Turning to the instant cause, defendant had multiple prior convictions that were a Class 2
or greater class felony, all occurring after 1977, which necessarily required him to be sentenced
as a Class X offender even though he was convicted of a Class 2 felony. According to section 5-
5-3(c)(8), when a defendant has at least two prior Class 2 or higher felony convictions, upon
conviction of the third, he is no longer subject to be sentenced as a Class 2 offender. Although
section 5-5-3(c)(8) increased the defendant’s sentence, it did not change the classification of the
offense with which defendant was charged and convicted. See People v. Rivera, 362 Ill. App. 3d
815, 817 (2005).
Situations like defendant’s appear to be exactly the kind anticipated by the penalty
enhancement of section 5-5-3(c)(8), and defendant has not argued that the legislature acted
outside its authority in creating this section.
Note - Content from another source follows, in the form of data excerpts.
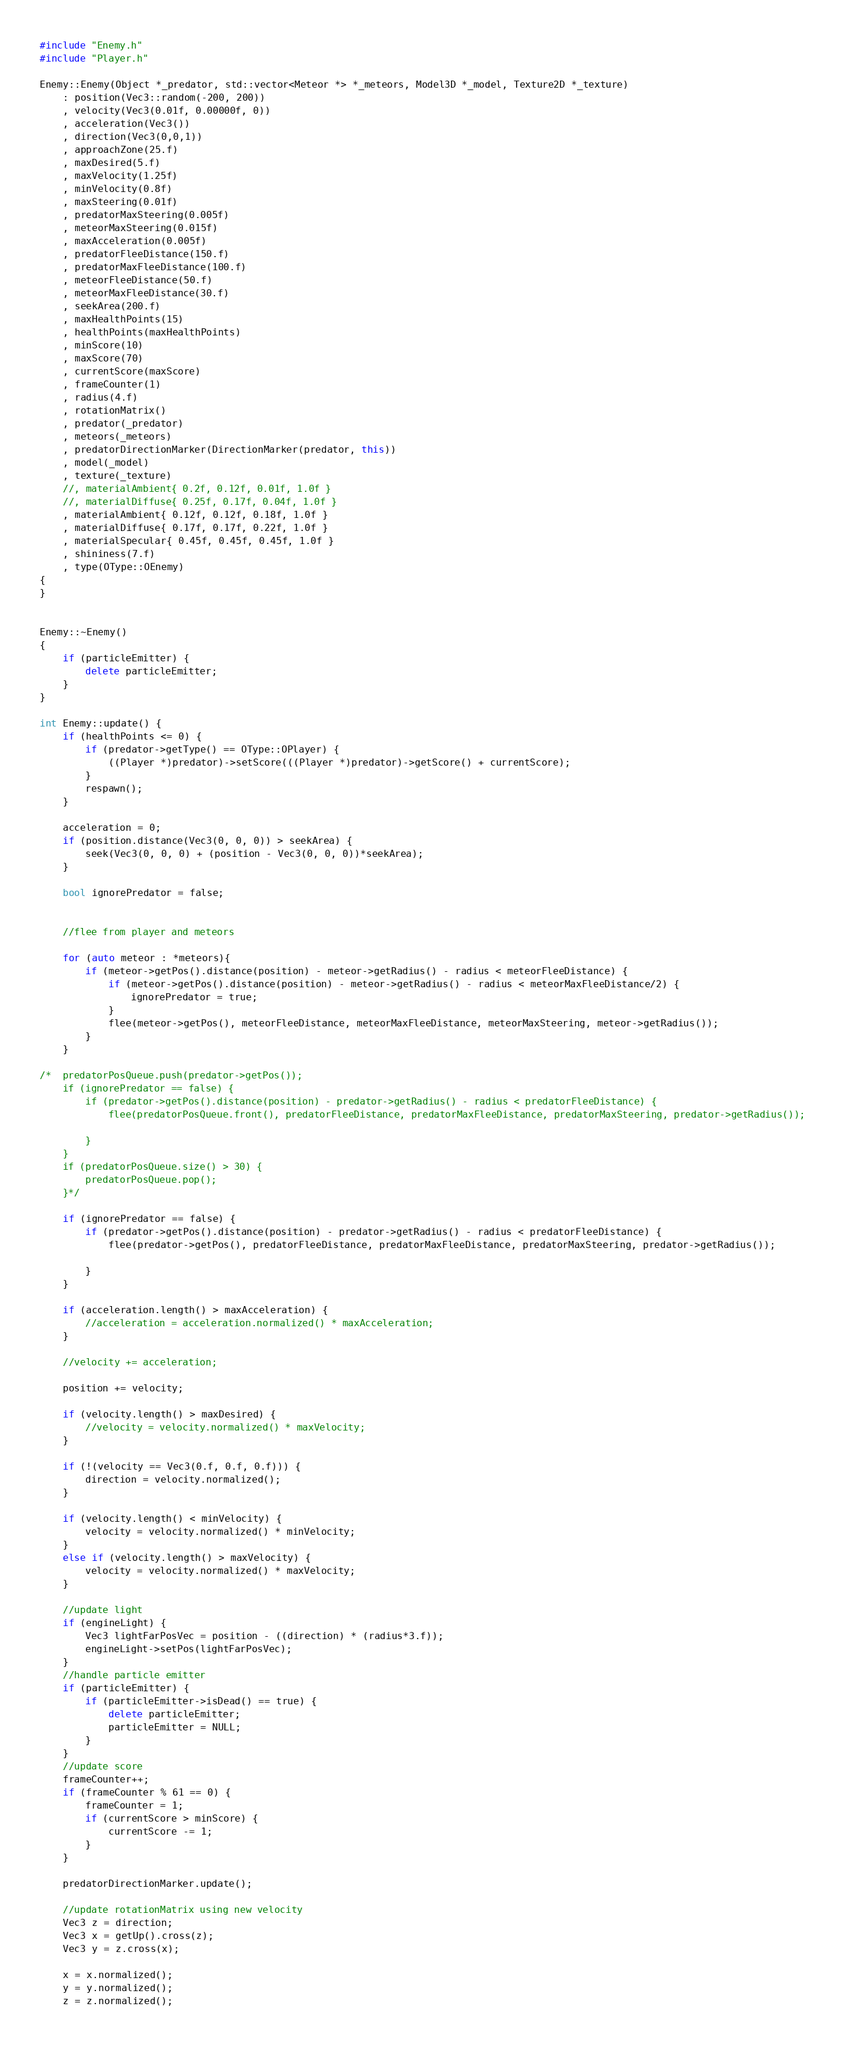<code> <loc_0><loc_0><loc_500><loc_500><_C++_>#include "Enemy.h"
#include "Player.h"

Enemy::Enemy(Object *_predator, std::vector<Meteor *> *_meteors, Model3D *_model, Texture2D *_texture)
	: position(Vec3::random(-200, 200))
	, velocity(Vec3(0.01f, 0.00000f, 0))
	, acceleration(Vec3())
	, direction(Vec3(0,0,1))
	, approachZone(25.f)
	, maxDesired(5.f)
	, maxVelocity(1.25f)
	, minVelocity(0.8f)
	, maxSteering(0.01f)
	, predatorMaxSteering(0.005f)
	, meteorMaxSteering(0.015f)
	, maxAcceleration(0.005f)
	, predatorFleeDistance(150.f)
	, predatorMaxFleeDistance(100.f)
	, meteorFleeDistance(50.f)
	, meteorMaxFleeDistance(30.f)
	, seekArea(200.f)
	, maxHealthPoints(15)
	, healthPoints(maxHealthPoints)
	, minScore(10)
	, maxScore(70)
	, currentScore(maxScore)
	, frameCounter(1)
	, radius(4.f)
	, rotationMatrix()
	, predator(_predator)
	, meteors(_meteors)
	, predatorDirectionMarker(DirectionMarker(predator, this))
	, model(_model)
	, texture(_texture)
	//, materialAmbient{ 0.2f, 0.12f, 0.01f, 1.0f }
	//, materialDiffuse{ 0.25f, 0.17f, 0.04f, 1.0f }
	, materialAmbient{ 0.12f, 0.12f, 0.18f, 1.0f }
	, materialDiffuse{ 0.17f, 0.17f, 0.22f, 1.0f }
	, materialSpecular{ 0.45f, 0.45f, 0.45f, 1.0f }
	, shininess(7.f)
	, type(OType::OEnemy)
{
}


Enemy::~Enemy()
{
	if (particleEmitter) {
		delete particleEmitter;
	}
}

int Enemy::update() {
	if (healthPoints <= 0) {
		if (predator->getType() == OType::OPlayer) {
			((Player *)predator)->setScore(((Player *)predator)->getScore() + currentScore);
		}
		respawn();
	}

	acceleration = 0;
	if (position.distance(Vec3(0, 0, 0)) > seekArea) {
		seek(Vec3(0, 0, 0) + (position - Vec3(0, 0, 0))*seekArea);
	}

	bool ignorePredator = false;
	

	//flee from player and meteors

	for (auto meteor : *meteors){
		if (meteor->getPos().distance(position) - meteor->getRadius() - radius < meteorFleeDistance) {
			if (meteor->getPos().distance(position) - meteor->getRadius() - radius < meteorMaxFleeDistance/2) {
				ignorePredator = true;
			}
			flee(meteor->getPos(), meteorFleeDistance, meteorMaxFleeDistance, meteorMaxSteering, meteor->getRadius());
		}
	}
	
/*	predatorPosQueue.push(predator->getPos());
	if (ignorePredator == false) {
		if (predator->getPos().distance(position) - predator->getRadius() - radius < predatorFleeDistance) {
			flee(predatorPosQueue.front(), predatorFleeDistance, predatorMaxFleeDistance, predatorMaxSteering, predator->getRadius());
			
		}
	}
	if (predatorPosQueue.size() > 30) {
		predatorPosQueue.pop();
	}*/

	if (ignorePredator == false) {
		if (predator->getPos().distance(position) - predator->getRadius() - radius < predatorFleeDistance) {
			flee(predator->getPos(), predatorFleeDistance, predatorMaxFleeDistance, predatorMaxSteering, predator->getRadius());

		}
	}

	if (acceleration.length() > maxAcceleration) {
		//acceleration = acceleration.normalized() * maxAcceleration;
	}

	//velocity += acceleration;

	position += velocity;

	if (velocity.length() > maxDesired) {
		//velocity = velocity.normalized() * maxVelocity;
	}

	if (!(velocity == Vec3(0.f, 0.f, 0.f))) {
		direction = velocity.normalized();
	}

	if (velocity.length() < minVelocity) {
		velocity = velocity.normalized() * minVelocity;
	}
	else if (velocity.length() > maxVelocity) {
		velocity = velocity.normalized() * maxVelocity;
	}

	//update light
	if (engineLight) {
		Vec3 lightFarPosVec = position - ((direction) * (radius*3.f));
		engineLight->setPos(lightFarPosVec);
	}
	//handle particle emitter
	if (particleEmitter) {
		if (particleEmitter->isDead() == true) {
			delete particleEmitter;
			particleEmitter = NULL;
		}
	}
	//update score
	frameCounter++;
	if (frameCounter % 61 == 0) {
		frameCounter = 1;
		if (currentScore > minScore) {
			currentScore -= 1;
		}
	}

	predatorDirectionMarker.update();

	//update rotationMatrix using new velocity
	Vec3 z = direction;
	Vec3 x = getUp().cross(z);
	Vec3 y = z.cross(x);

	x = x.normalized();
	y = y.normalized();
	z = z.normalized();
</code> 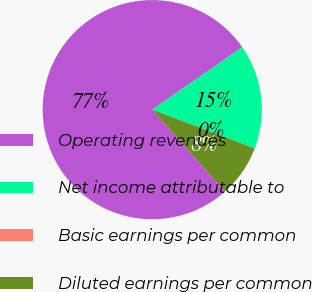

As such, we conclude that based on defendant’s
prior convictions, the Class 2 sentencing range did not apply to defendant’s sentence and that he
was mandatorily subject to the sentencing provisions of section 5-5-3(c)(8). In so finding, we
decline to apply the policy of lenity here.
Accordingly, we affirm the judgment of the trial court.
Affirmed.
HOFFMAN, P.J., and HALL, J., concur.